### Excerpted records
▽

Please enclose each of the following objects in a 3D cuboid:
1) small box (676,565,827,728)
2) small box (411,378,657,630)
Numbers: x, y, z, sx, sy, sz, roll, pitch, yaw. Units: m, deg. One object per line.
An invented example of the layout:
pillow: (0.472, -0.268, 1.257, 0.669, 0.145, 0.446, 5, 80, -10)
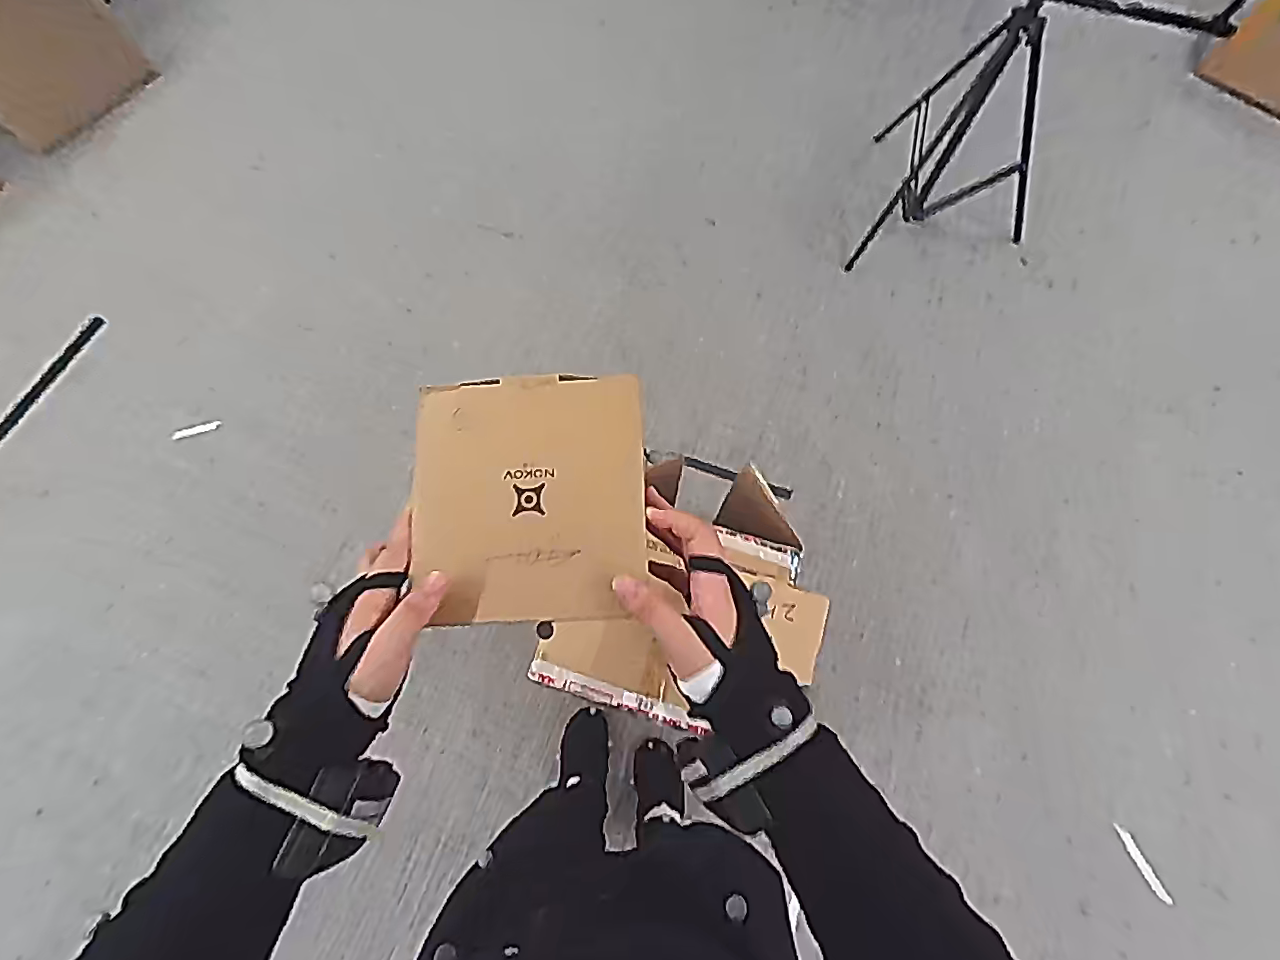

△

### Work instructions
I'd like every record printed exactly, with the pictures left out.

### Reply to the task
Please enclose each of the following objects in a 3D cuboid:
1) small box (676,565,827,728)
2) small box (411,378,657,630)
Numbers: x, y, z, sx, sy, sz, roll, pitch, yaw. Units: m, deg. One object per line.
An invented example of the layout:
pillow: (0.472, -0.268, 1.257, 0.669, 0.145, 0.446, 5, 80, -10)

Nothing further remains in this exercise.